— WHAT YOU HAVE TO DO —
Write out exactly the lines running from the line that includes "width=924. click(x=462, y=112)" to the end of the data, both ends included, and nothing besides.
:::
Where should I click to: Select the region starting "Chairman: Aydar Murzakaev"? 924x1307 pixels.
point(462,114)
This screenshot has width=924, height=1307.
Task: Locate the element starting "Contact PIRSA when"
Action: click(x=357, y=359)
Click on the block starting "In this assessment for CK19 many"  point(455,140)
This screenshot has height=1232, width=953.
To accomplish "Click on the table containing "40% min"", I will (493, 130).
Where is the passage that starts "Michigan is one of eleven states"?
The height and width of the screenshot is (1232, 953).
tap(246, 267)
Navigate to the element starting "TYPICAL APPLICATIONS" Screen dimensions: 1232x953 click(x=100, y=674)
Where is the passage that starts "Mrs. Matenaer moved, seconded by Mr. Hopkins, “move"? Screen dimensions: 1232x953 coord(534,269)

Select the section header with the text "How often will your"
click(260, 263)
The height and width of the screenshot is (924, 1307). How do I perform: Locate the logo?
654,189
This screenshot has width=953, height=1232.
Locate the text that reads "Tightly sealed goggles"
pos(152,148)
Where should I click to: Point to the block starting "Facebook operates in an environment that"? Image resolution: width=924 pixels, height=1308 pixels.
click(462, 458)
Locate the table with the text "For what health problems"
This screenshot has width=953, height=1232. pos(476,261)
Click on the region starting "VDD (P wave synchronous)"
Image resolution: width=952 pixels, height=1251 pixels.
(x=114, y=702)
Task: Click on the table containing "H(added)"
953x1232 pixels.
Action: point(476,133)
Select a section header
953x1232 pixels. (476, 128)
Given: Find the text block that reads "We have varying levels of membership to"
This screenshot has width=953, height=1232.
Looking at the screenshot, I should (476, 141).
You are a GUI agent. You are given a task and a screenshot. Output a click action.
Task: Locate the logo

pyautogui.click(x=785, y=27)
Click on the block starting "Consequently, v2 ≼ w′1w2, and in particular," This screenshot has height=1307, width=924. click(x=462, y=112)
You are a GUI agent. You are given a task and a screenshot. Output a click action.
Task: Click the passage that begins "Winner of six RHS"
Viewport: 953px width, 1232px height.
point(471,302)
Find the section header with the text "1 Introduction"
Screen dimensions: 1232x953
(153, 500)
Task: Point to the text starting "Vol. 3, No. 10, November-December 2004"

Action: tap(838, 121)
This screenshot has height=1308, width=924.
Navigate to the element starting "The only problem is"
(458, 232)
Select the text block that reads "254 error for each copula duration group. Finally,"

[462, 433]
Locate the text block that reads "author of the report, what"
:::
— RESULT —
Click on the block starting "Consequently, v2 ≼ w′1w2, and in particular," This screenshot has height=1307, width=924. click(x=462, y=112)
You are a GUI agent. You are given a task and a screenshot. Output a click action.
Task: Click the passage that begins "Winner of six RHS"
Viewport: 953px width, 1232px height.
point(471,302)
Find the section header with the text "1 Introduction"
Screen dimensions: 1232x953
(153, 500)
Task: Point to the text starting "Vol. 3, No. 10, November-December 2004"

Action: tap(838, 121)
This screenshot has height=1308, width=924.
Navigate to the element starting "The only problem is"
(458, 232)
Select the text block that reads "254 error for each copula duration group. Finally,"

[462, 433]
Locate the text block that reads "author of the report, what"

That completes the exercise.